I sat down at the computer and opened my email. SHIT-CAA LTD had sent five emails in rapid succession. One was indeed plane tickets for the next morning from Tegel to London City. Not bad – one of BA’s few short haul routes where you still get a cup of tea.
The second was notice that a very large advance had been paid into my bank account. Strangely, it wasn’t my usual escrow for project advances but my actual account. That would have to get fixed.
The third and fourth emails were asking why I hadn’t signed the contract yet and were signed by someone named “Charles.”
The fifth email contained a PDF that barely made it under Googlebytemail’s attachment limits: the contract.
I wish I was joking when I said this was the longest contract I’ve ever seen. Still, 115 dual-column pages, with a couple of charts that make differential equations rendering in MATLAB look mundane, is nothing to be trifled with and flipping through it told me one very important thing: get a lawyer before signing anything.
I scanned through the document to find some key bits of information and sure enough, on page 46 was a name that put 2 and 2 together. And it was not a name I was bound to trust.
Two new messages popped up on my email: both were agitated and increasingly sweary, from “Charles,” asking why I hadn’t signed my fucking contract yet. I stared at my increasingly flooded email box and knew exactly who to call.
***
It’s 17:23 and I am sitting in the office of one of the most expensive and ruthless lawyers in all of Germany. He plops himself down in a plush leather chair across from me: every aspect of this image costs more than I earn in months, if not years.
“You present me with something most interesting. It was very wise of you to make this decision.”
“Is it that bad?”
“Naja, I have not had the time to read it. But knowing the source, it would be totaler Blödsinn to accept it as-is.”
We chat for a bit about the morning’s events, going back and forth between German and English.
“He’s been sending me an email almost every other minute for the last six hours asking where it is. Verdammt nervig. Can we do anything to get him off my back?”
“Natürlich. We will draft for you something minimal: You agree to start work but nothing is official until negotiations are complete. Then you go to London, get a better opinion of the situation, maybe back out if things are as bad as you say. Though I warn you, the man behind this contract is not used to being told no. He will do anything to get what he wants in this field.”

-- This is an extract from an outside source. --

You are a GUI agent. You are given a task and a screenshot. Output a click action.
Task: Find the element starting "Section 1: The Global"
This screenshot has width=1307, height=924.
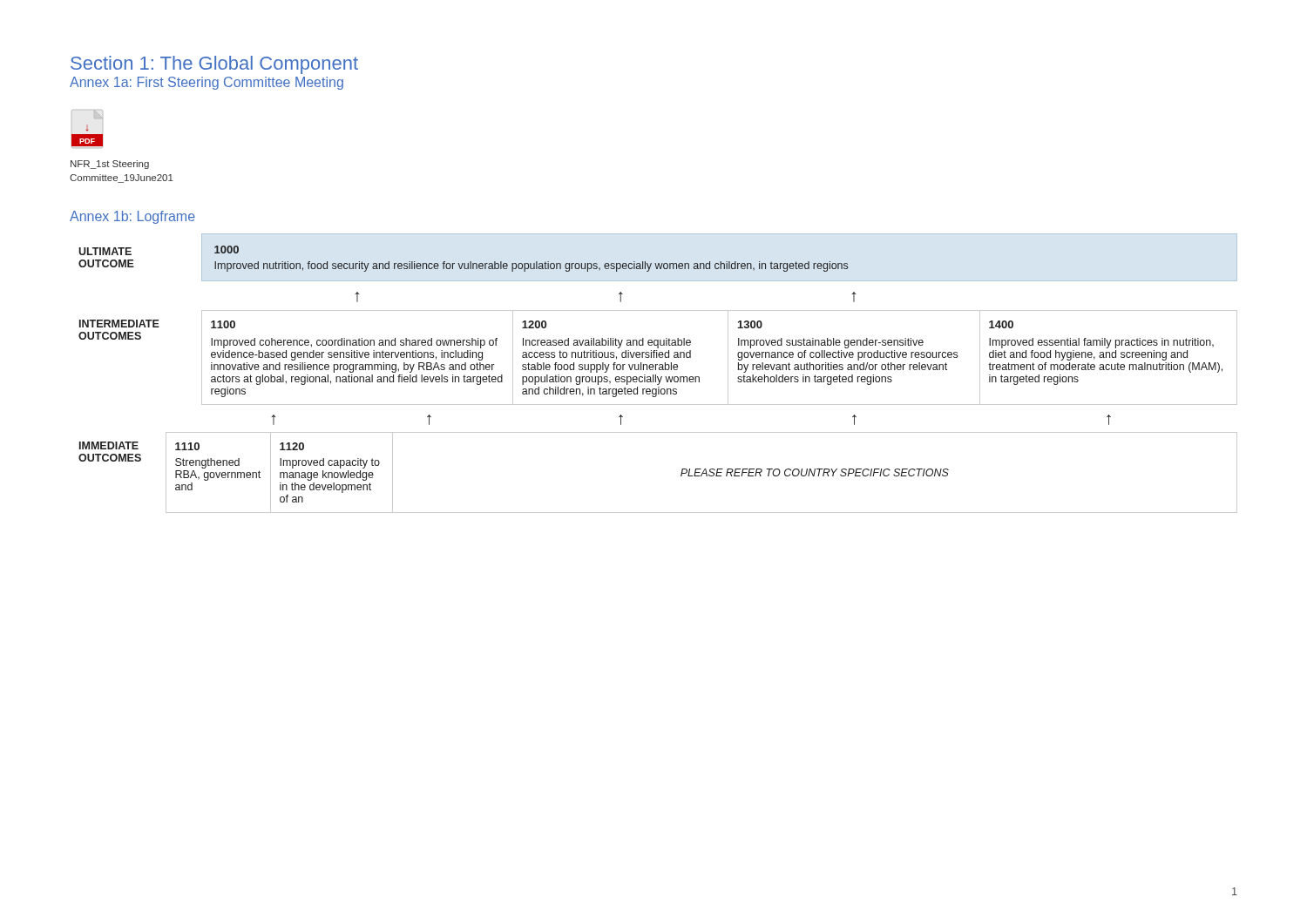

“So I’ve heard. I’m surprised he doesn’t have you on his payroll as well. He seems to get everything he wants, eventually.””
“We do not like his methods. Here, we live under the rule of law – so the rich prefer to pay for lawyers over extralegal means.”
“Then it’s a pleasure doing business with you.”
“The pleasure, mein Herr, is my client’s.”
“Don’t you mean…”
“No. I don’t.”
3
Chapter 3
FOR THE LOVE OF GOD
On 1 June 2007, For the Love of God by Damien Hirst went on display in an illuminated glass case in a darkened room on the top floor of the White Cube gallery in Hoxton Square, London, with heavy security. It was part of the exhibition ‘Beyond Belief’ in which Hirst continued to explore the fundamental themes of human existence – life, death, truth, love, immortality and art itself.
For The Love Of God is a platinum cast of a purportedly eighteenth-century skull, in-laid with 8601 flawless diamonds, and uses genuine human teeth.
Art historian Rudi Fuchs described the work as “out of this world, celestial almost. It proclaims victory over decay. At the same time, it represents death as something infinitely more relentless. Compared to the tearful sadness of a vanitas scene, the diamond skull is glory itself.”
Richard Dorment, art critic of The Daily Telegraph wrote: “If anyone but Hirst had made this curious object, we would be struck by its vulgarity. It looks like the kind of thing Harrods might sell to credulous visitors from the oil states with unlimited amounts of money to spend, little taste, and no knowledge of art. I can imagine it gracing the drawing room of some African dictator or Colombian drug baron. But not just anyone made it – Hirst did. Knowing this, we look at it in a different way and realise that in the most brutal, direct way possible, For the Love of God questions something about the morality of art and money.”
The work was eventually sold on 30 August 2007, for £50 million, to an anonymous consortium, who paid in cash, leaving no paper trail.
On August 23rd, 2030, For The Love Of God was inside a vacuum sealed glass display case alongside a rock-crystal skull from Mexico and a solid gold skull of Inca origin.
The story of how it got there is one of time-travel, grave robbing and one man’s obsession with triptychs, but at its heart is a tragic tale of innocence and misplaced loyalty.
Charles was born in 1922 on Kanawa Island, Japan, the son of wealthy textile merchant. As a child he was fascinated by myths and legend, not only those of his native country, but also those of the West.
He studied Fine Art and Comparative Mythology at Oxford, but he had to abandon his studies in his second year when Japan entered the Second World War.
His father’s factories were co-opted by the military for the production of parachutes, medical supplies and uniforms and, to avoid the draft, he was made the manager of one of the plants on the mainland.
And so, it was that Charles found himself making an early morning courtesy call to the Shima Hospital.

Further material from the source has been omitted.